In addition, the base stations 102, 104, and 106 and the terminal devices 108, 110, 112, 114, 116, 118, 120, and 122 may communicate with each other by using various wireless communications technologies, for example, but not limited to, a time division multiple access (TDMA) technology, a frequency division multiple access (FDMA) technology, a code division multiple access (CDMA) technology, a time division-synchronous code division multiple access (TD-SCDMA) technology, an orthogonal frequency division multiple access (Orthogonal FDMA, OFDMA) technology, a single carrier frequency division multiple access (Single Carrier FDMA, SC-FDMA) technology, and a space division multiple access (SDMA) technology, and evolved and derived technologies of these technologies. As radio access technologies (RAT), the foregoing wireless communications technologies are adopted by various wireless communications standards, so that various existing wireless communications systems (or networks) are constructed. These wireless communications systems include, but are not limited to, a global system for mobile communications (GSM), CDMA 2000, wideband CDMA (WCDMA), Wi-Fi defined in a 802.11 series standard, worldwide interoperability for microwave access (WiMAX), long term evolution (LTE), LTE-advanced (LTE-A), and evolved systems of these wireless communications systems. Unless otherwise specified, the technical solutions provided in the embodiments of the present invention may be applied to the foregoing various wireless communications technologies and wireless communications systems. In addition, the terms “system” and “network” can be interchanged with each other.
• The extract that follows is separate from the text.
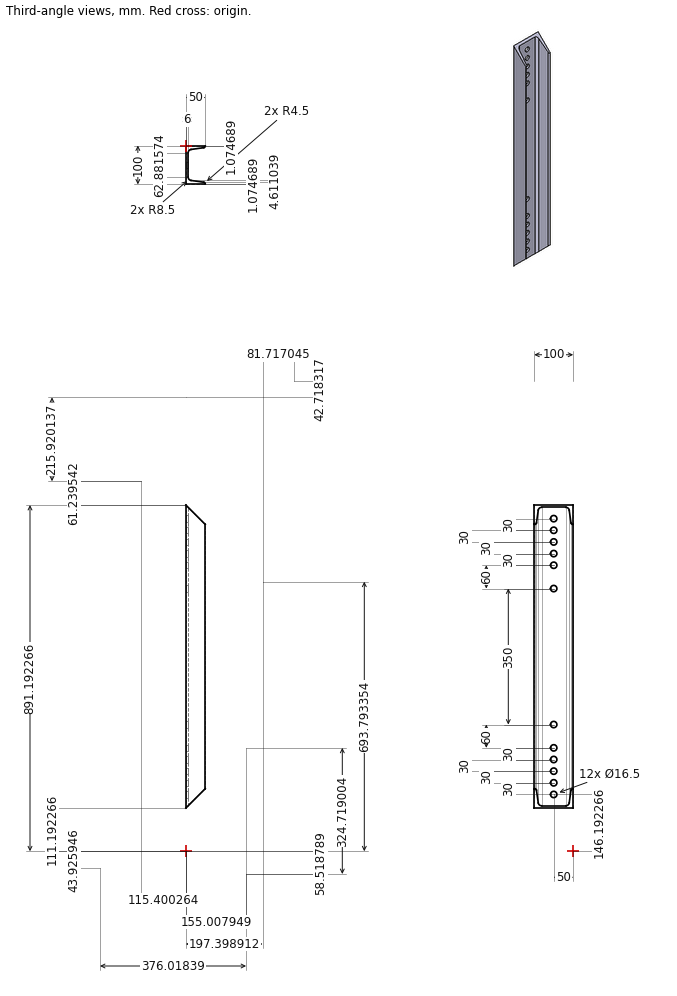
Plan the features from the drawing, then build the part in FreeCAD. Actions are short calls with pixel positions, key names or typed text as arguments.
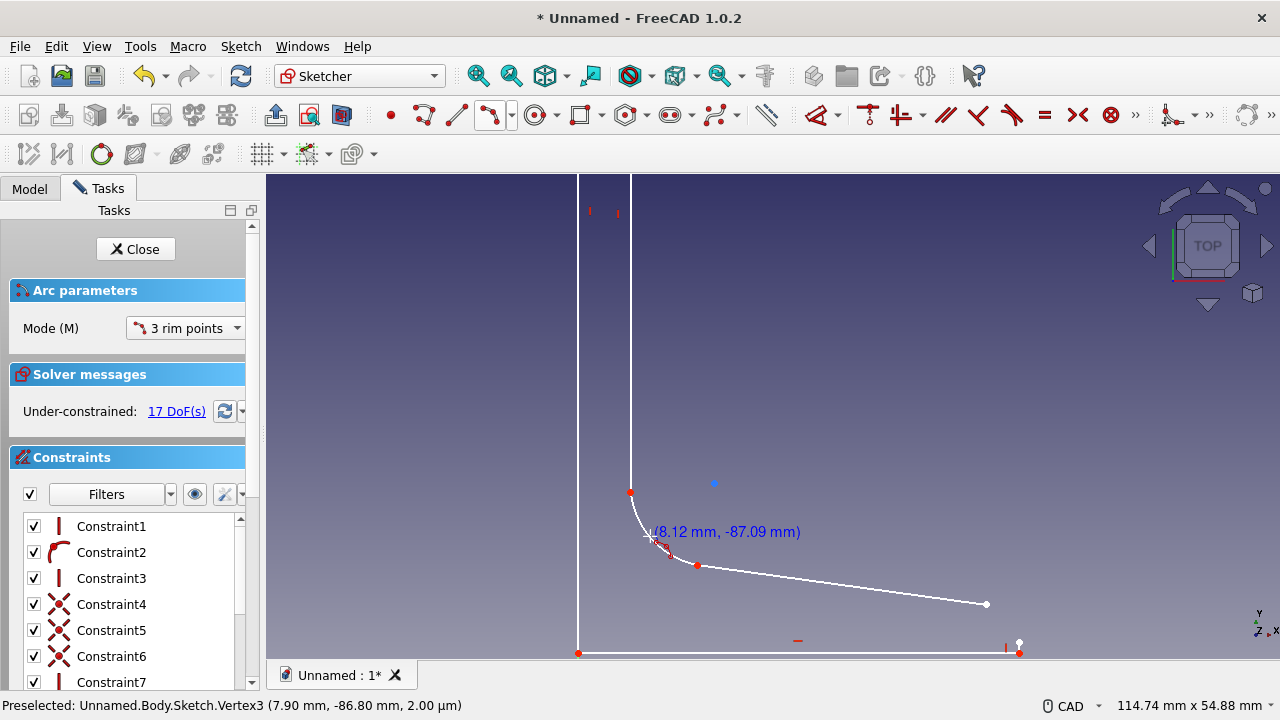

It should be noted that the wireless communications network 100 shown in
The transceiver module 202 is configured to receive configuration information, and the configuration information is used to configure at least one PRB bundling size.
The processing module 204 is configured to determine a PRG size based on the at least one PRB bundling size.
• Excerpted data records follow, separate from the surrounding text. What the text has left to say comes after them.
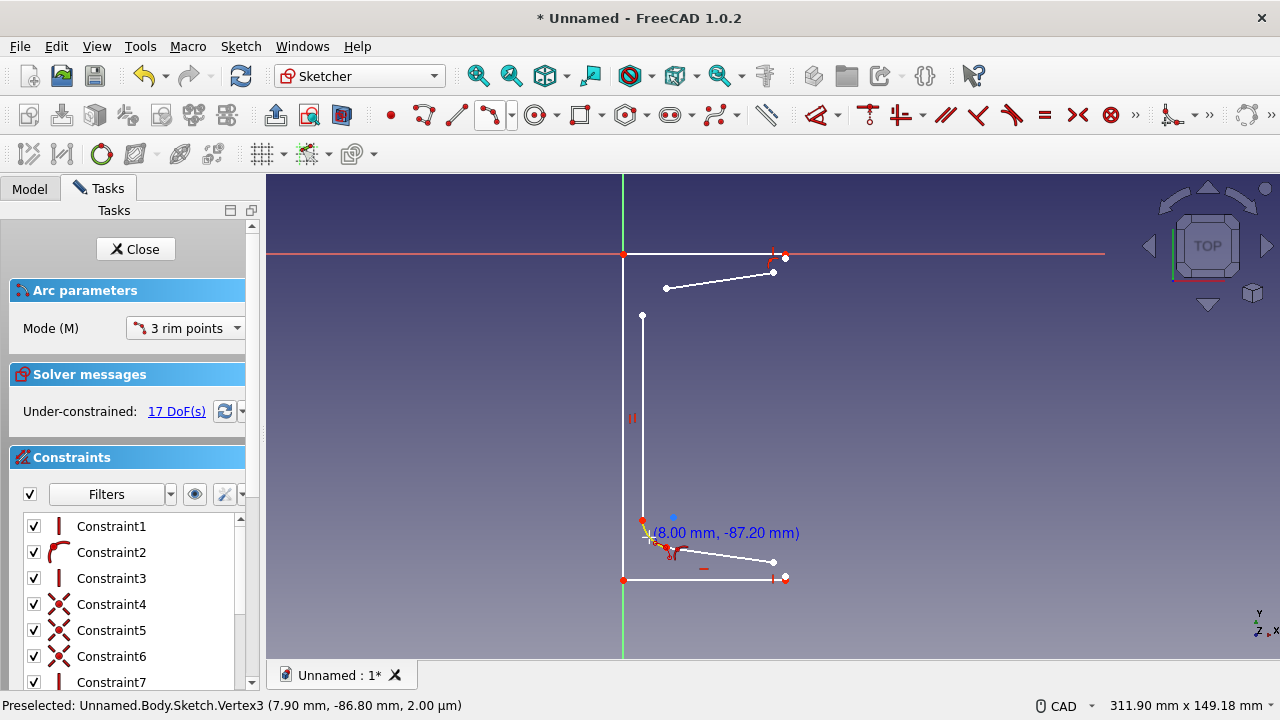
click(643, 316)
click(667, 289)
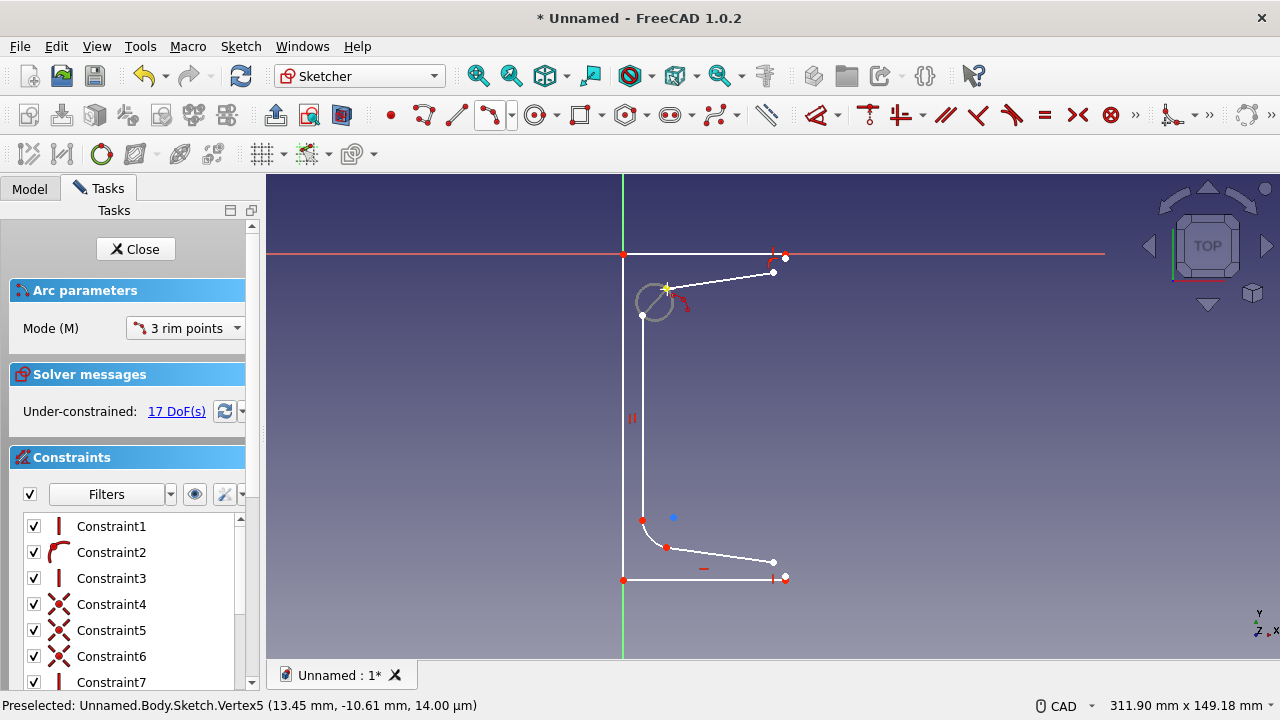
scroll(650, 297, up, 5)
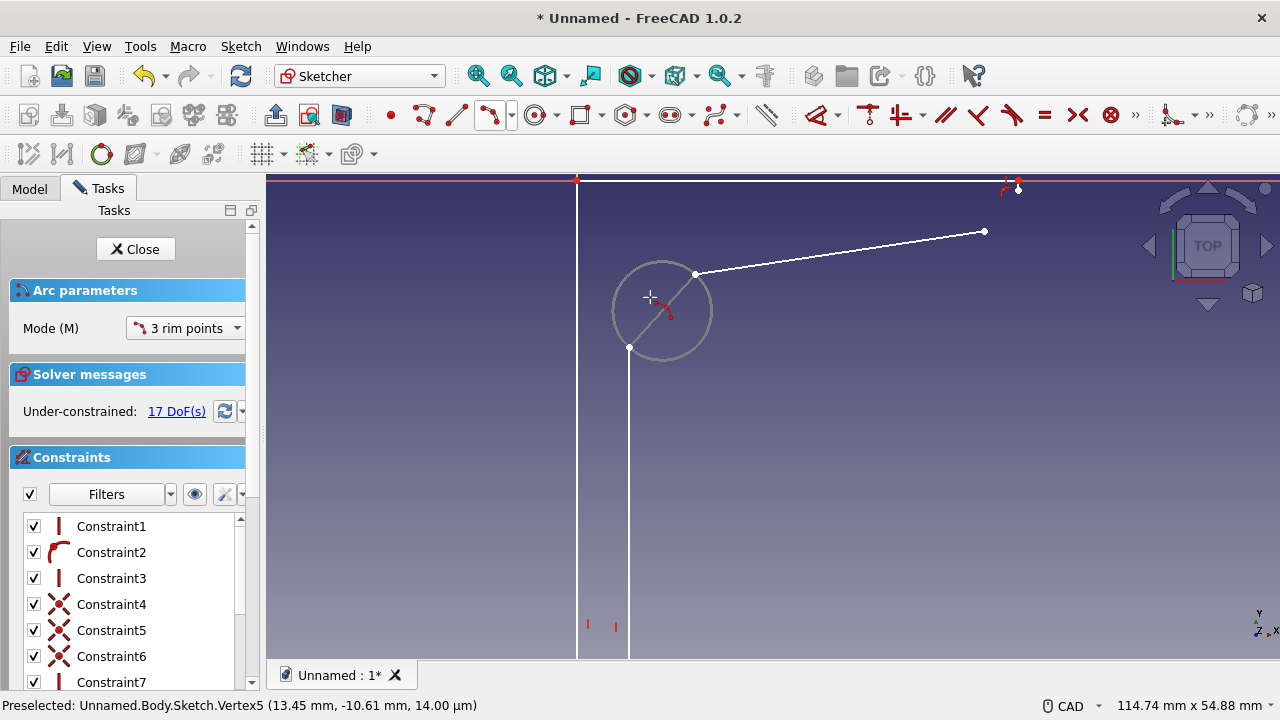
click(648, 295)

Specifically, the PRG size may be a PRG size associated with channel measurement. The PRG size may be the same as or different from a PRG size that is in a data transmission process. The data transmission may be, for example, but is not limited to, data transmission performed by using a physical downlink shared channel (PDSCH).
In the technical solution provided in this embodiment of the present invention, the PRG size is configured by configuring the PRB bundling size. In this way, there is no need to set dedicated signaling for configuring the PRG size. This helps reduce signaling overheads caused by configuring the PRG size.
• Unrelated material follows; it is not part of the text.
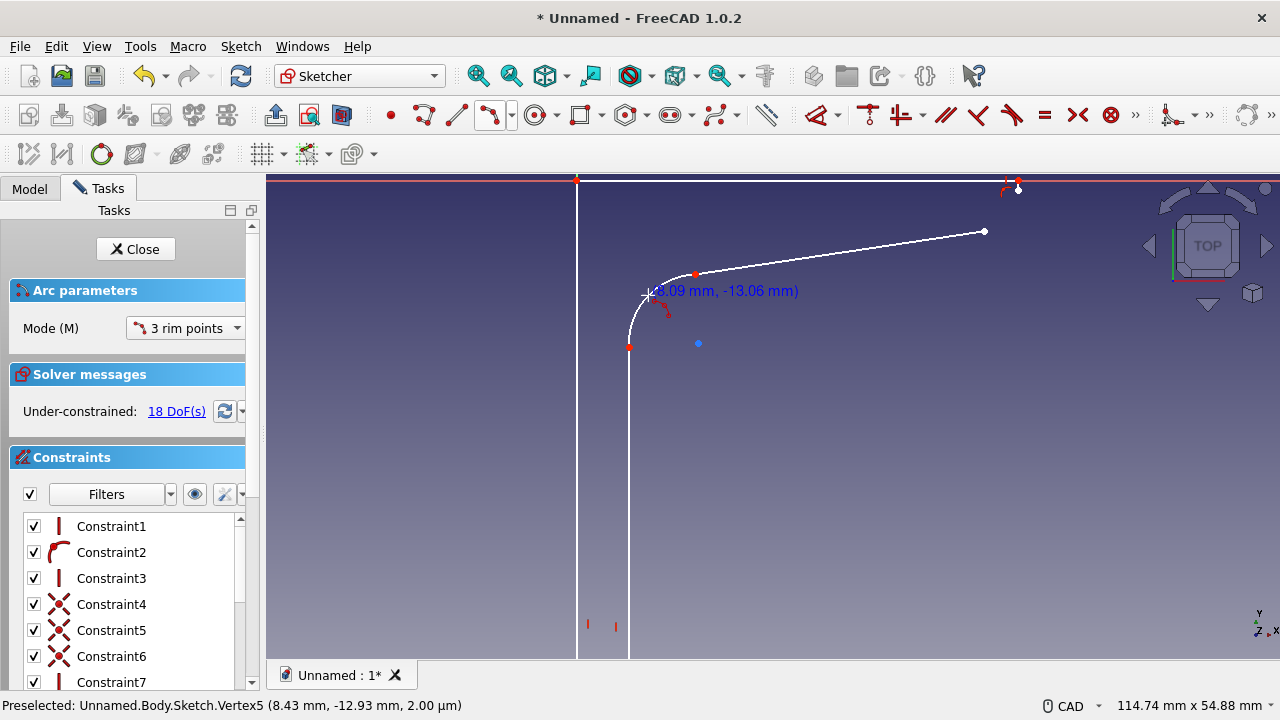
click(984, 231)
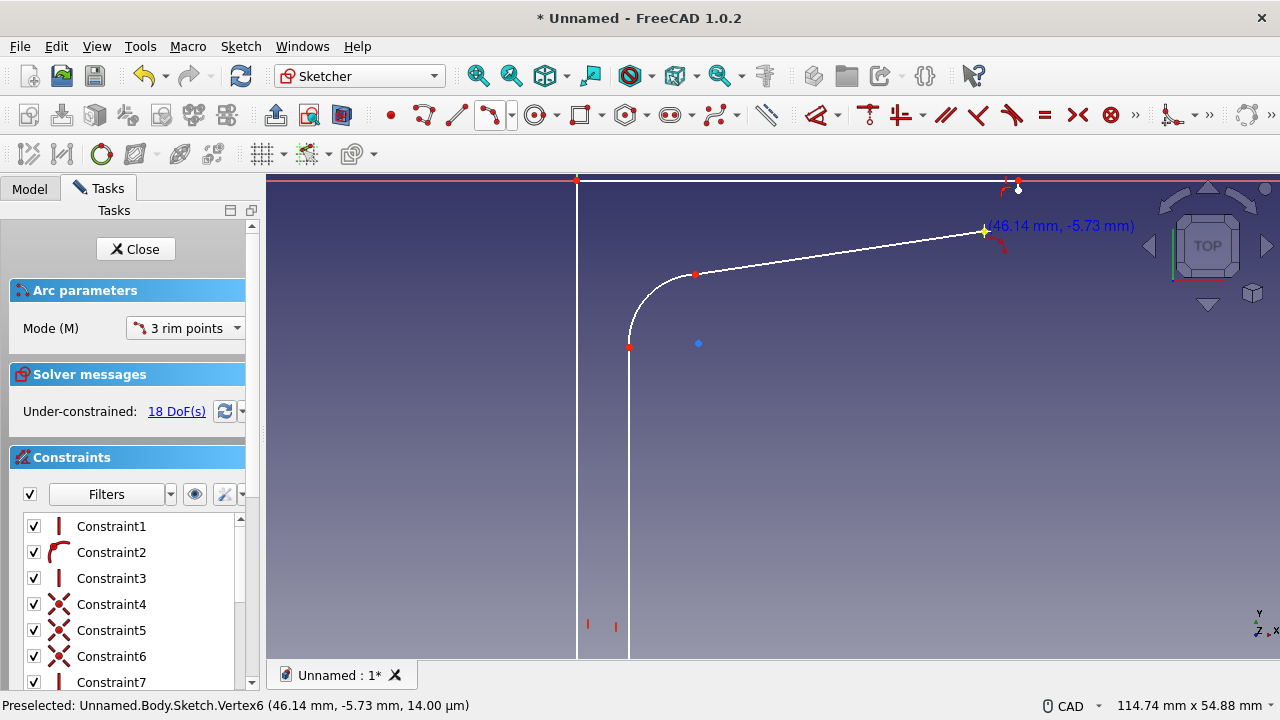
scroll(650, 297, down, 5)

In a specific implementation process, the configuration information comes from an access device, and the configuration information may be sent by using, for example, but not limited to, one of the following signaling:
physical layer signaling;
media access control layer signaling; and
radio resource control signaling.
The physical layer signaling is also referred to as layer 1 (L1) signaling, and may usually be carried in a control part in a physical layer frame. A typical example of the L1 signaling is DCI carried on a physical downlink control channel (PDCCH) and uplink control information (UCI) carried in a physical uplink control channel (PUCCH) that are defined in an LTE standard. In some cases, the L1 signaling may alternatively be carried in a data part in the physical layer frame. For example, sometimes, the UCI may alternatively be carried on a physical uplink shared channel (PUSCH). It is not difficult to learn that a sending period or a signaling period of the L1 signaling is usually a period of the physical layer frame. Therefore, the signaling is usually used to implement some dynamic control, to transfer some frequently changed information. For example, resource allocation information may be transferred by using physical layer signaling.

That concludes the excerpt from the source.